Many mechs who had not opted for any reconstructive surgery would jump at the chance to do it on the company’s credit. Rika was glad to see that Shoshin’s acceptance of who he was held up under dire circumstances—or in the face of free cosmetic surgery.
However, none of that was Rika’s immediate concern. The local military was on the ground and they’d taken control of the situation—and the enemy soldiers.
“Look,” Rika said to the woman in charge, Major Dala. “I just want to have a chance to interrogate their senior officer, or NCO—whoever is left. I need to know what sort of danger we’re in, here.”
“I’m sorry, Captain Rika,” Major Dala replied without an ounce of understanding in her cold, fuchsia eyes. “This was an attack on our soil, we have jurisdiction. We’ll keep you informed as the investigation proceeds, of course.”
T
hough Major Dala wore a Septhian Armed Forces crest on her shoulder, the armor it adorned was clearly of Theban design.
The SAF crest was slightly crooked, a visual sign of how well the absorption of the Theban space force into the Septhian military was going. Which was to say that it was a never-ending series of pissing matches. Rika was amazed at how much resistance the Thebans were putting up, when the Septhians had come to their aid against the Nietzscheans in the battle for the Albany System less than a six months ago.
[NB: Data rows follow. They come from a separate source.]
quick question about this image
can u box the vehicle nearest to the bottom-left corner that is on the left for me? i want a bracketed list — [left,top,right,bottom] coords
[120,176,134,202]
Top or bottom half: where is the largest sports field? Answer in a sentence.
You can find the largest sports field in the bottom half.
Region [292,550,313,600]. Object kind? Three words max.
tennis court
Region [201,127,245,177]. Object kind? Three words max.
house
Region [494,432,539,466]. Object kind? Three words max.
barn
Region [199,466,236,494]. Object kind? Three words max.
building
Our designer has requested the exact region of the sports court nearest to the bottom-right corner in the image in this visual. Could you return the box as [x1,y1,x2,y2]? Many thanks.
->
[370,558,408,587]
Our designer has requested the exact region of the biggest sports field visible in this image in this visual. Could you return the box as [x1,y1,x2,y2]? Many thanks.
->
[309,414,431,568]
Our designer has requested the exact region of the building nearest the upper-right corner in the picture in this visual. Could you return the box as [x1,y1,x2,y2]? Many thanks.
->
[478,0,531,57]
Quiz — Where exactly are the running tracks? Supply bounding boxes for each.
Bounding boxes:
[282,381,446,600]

Maybe it was because she’d never had any to begin with, but nationalistic pride meant very little to Rika. The opportunity to kill Niets, on the other hand…now that was something she could rally behind.
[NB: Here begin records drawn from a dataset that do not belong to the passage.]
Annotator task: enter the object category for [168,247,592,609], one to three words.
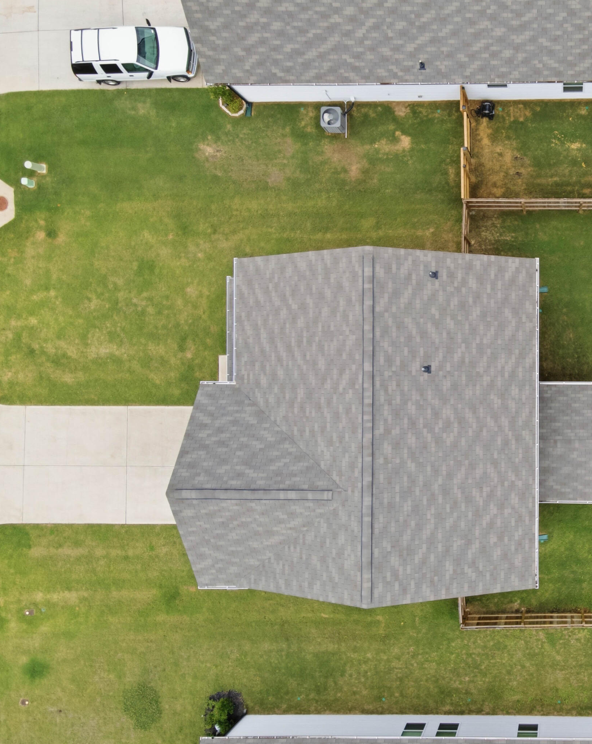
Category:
house
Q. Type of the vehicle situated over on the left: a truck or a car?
car
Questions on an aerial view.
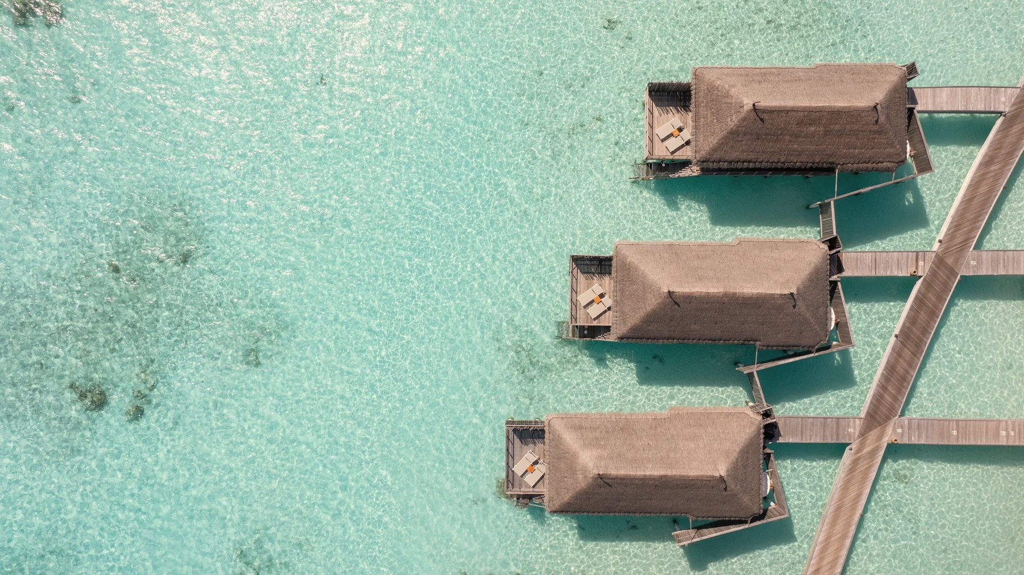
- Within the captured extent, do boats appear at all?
No
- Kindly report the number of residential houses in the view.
3
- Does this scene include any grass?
No
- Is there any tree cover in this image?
No
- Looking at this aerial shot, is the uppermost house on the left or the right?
right
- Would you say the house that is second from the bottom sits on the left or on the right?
right
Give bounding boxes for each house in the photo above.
[498,406,764,521]
[559,235,831,349]
[632,62,910,179]
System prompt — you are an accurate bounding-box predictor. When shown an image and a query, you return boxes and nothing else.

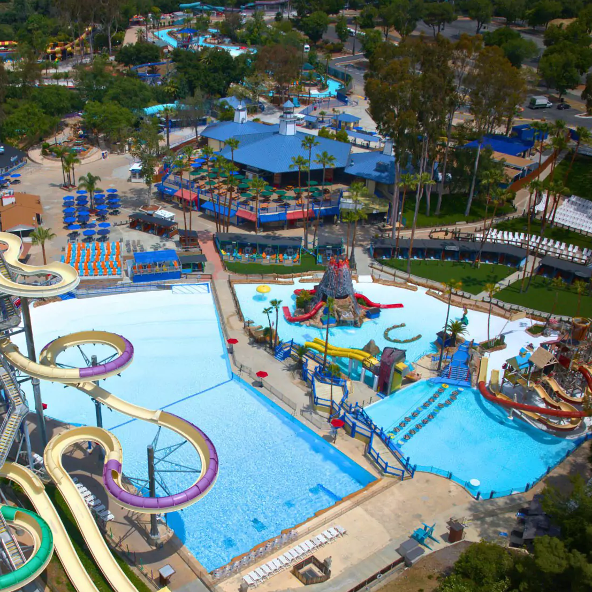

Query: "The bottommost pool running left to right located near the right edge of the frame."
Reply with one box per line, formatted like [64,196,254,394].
[365,380,592,497]
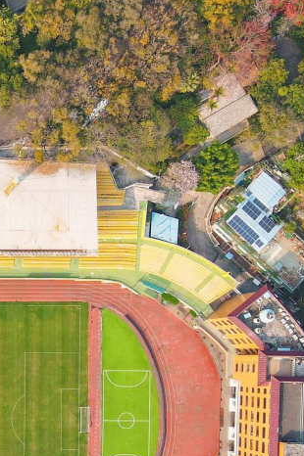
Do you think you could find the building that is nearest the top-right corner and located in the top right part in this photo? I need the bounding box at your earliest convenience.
[193,73,256,139]
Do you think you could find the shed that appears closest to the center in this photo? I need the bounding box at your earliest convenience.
[148,211,179,243]
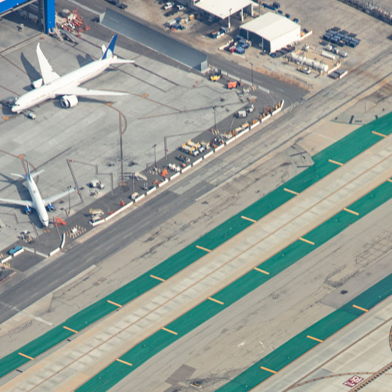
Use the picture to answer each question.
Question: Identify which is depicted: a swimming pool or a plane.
plane
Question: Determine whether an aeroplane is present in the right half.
No
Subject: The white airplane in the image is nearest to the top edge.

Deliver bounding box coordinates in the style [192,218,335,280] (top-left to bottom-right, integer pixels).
[13,33,134,115]
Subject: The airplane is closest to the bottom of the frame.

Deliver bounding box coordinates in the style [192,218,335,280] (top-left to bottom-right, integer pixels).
[0,158,76,227]
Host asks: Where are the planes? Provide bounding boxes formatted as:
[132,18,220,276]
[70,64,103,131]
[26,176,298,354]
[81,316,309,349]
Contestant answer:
[13,33,134,115]
[0,158,76,227]
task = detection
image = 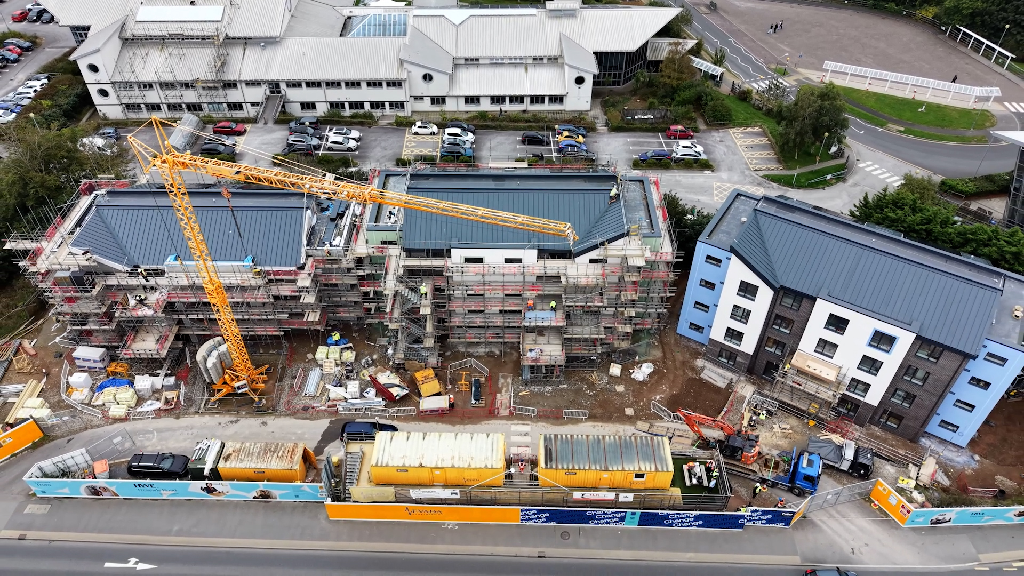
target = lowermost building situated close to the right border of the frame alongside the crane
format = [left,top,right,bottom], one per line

[677,187,1024,447]
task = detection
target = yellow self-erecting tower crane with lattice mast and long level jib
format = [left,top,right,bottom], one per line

[125,113,587,408]
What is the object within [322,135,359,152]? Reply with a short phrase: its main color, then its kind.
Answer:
white car
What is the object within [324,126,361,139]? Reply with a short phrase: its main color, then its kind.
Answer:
white vehicle
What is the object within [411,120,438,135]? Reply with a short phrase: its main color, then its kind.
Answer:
white car

What Rika wanted to know more than anything else was whether or not the Nietzscheans were behind this attack.
Unfortunately, the locals had arrived before she’d had a chance to do more than try to get a name from one of the nine enemies they’d captured.
“Can you more clearly define, ‘keeping me informed’?” Rika asked. “Who will my liaison be? Will I be able to at least observe the interrogations? Can we gain access to what you learn about the origin of their equipment?”
“I’m sorry, I don’t know the answers to those questions. Your standard SAF liaison, Major Jeremy, will have those answers once command determines how we’ll proceed.”
Rika pulled off her helmet and stared into the woman’s eyes. “Major Dala. We’re both just trying to do our jobs here. My job is to train up a force of mechs who will aid in the defense of this star system and elsewhere in Septhia. They’re going to bleed and die for your people—stars, I suspect we already have. We deserve to know who hit us.”
Dala didn’t even flinch as Rika spoke. Her fuchsia eyes met Rika’s blue ones, and she shrugged. “It’s not my call, Captain Rika.”
“Seriously?” Rika growled. “That’s how you want to play this? We’re—”
“We’re nothing alike,” Major Dala interrupted. “I’m a Theban patriot, you’re a mercenary. You kill for money.”
Rika snorted and raised an eyebrow as she gazed down at the Major. “Oh, and you don’t take pay? You live off the kindness of those you serve? Or maybe you’re a slave.” She lowered her voice and took a step toward the major. “Do you know what it’s like to be a slave? To be forced to kill? I don’t seem to recall the Genevian government ever giving me so much as a stipend back then. I suppose that must be the epitome of honor to you.”